Other life insurance industry supporters of an OFC include the American Council of Life Insurers.

At the same time, the National Association of Insurance and Financial Advisers remains neutral, saying it will work with both federal and state officials to improve regulation of the life insurance industry.

“NAIFA is committed to improving the state-based regulatory system and remains open to good-faith reform initiatives, state or federal, that will help agents better serve the public,” said John Davidson, NAIFA’s newly elected president, an insurance agent based in Thousand Oaks, Calif.

In a statement to members, the AALU said the advantage of the “concept” of OFC legislation is that it “could be helpful for producers and clients to have a federal regulator with expertise on life insurance issues who has the same kind of credibility with Congress and the administration that the Office of the Comptroller of the Currency has on banking issues.”

The “primary risk” of OFC legislation, the AALU said, is that “federal regulation of life insurance has not yet been tried and there could be significant harm if poor regulation results.”

The position paper added that, “AALU does not currently believe this is likely, but it is important that risk be mitigated by the specifics of the national regulatory structure that is created and by ongoing regulatory choice for life insurance producers and carriers.”

The AALU statement was prompted by the Sept. 28 introduction of H.R. 6225, the National Insurance Act of 2006, by Rep. Ed Royce, R-Calif.

At the same time, a new coalition of insurance companies, trade associations, and agents and brokers known as the Coalition Opposed to a Federal Insurance Regulator (COFIR) voiced opposition to the bill.

Greg Wren, a state legislator in Alabama and executive director of COFIR, said H. R. 6225 and the Senate version, S. 2509, would dismantle a 135-year old system in place and operational in all 50 states.

“While we acknowledge that insurance regulation should be streamlined, we believe establishing another federal office to do so is not the answer,” Wren said.
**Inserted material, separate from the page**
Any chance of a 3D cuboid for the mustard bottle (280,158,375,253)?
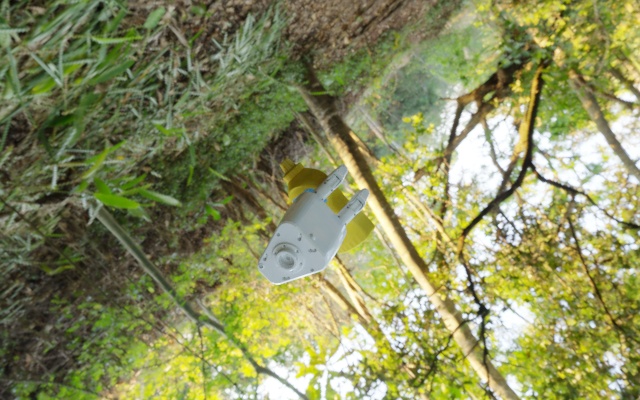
[{"bbox_3d":[0.000,0.003,0.827,0.058,0.191,0.096,-48,8,-38],"label":"mustard bottle"}]

Its members include the Independent Insurance Agents and Brokers of America, which also independently put out a statement voicing opposition to the Royce bill.
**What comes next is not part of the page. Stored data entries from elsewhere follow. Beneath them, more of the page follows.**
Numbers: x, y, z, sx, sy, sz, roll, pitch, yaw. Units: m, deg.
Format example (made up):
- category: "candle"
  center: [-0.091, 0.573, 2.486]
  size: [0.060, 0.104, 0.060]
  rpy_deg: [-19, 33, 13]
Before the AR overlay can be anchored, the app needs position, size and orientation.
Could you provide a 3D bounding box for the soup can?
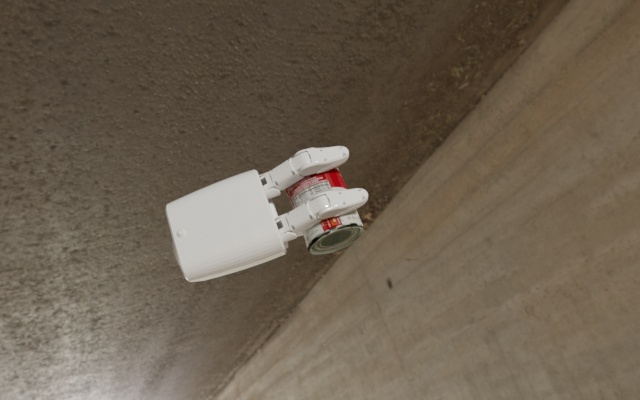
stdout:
- category: "soup can"
  center: [0.001, 0.002, 0.542]
  size: [0.068, 0.102, 0.068]
  rpy_deg: [-19, -24, -9]

The House bill is a “companion” bill to similar legislation introduced in the Senate in April.

“The National Insurance Act would create a federal regulatory agency within the Treasury Department; however, it would leave the current state regulatory system in place,” he added.

“Taking power away from the states and centralizing it in Washington will only complicate issues for insurance companies, agents and brokers and, most important, consumers of insurance services,” Wren said.

Wren also said that COFIR favors reform of existing state insurance regulation “but believes empowering a federal regulator to oversee that reform is not a viable solution.”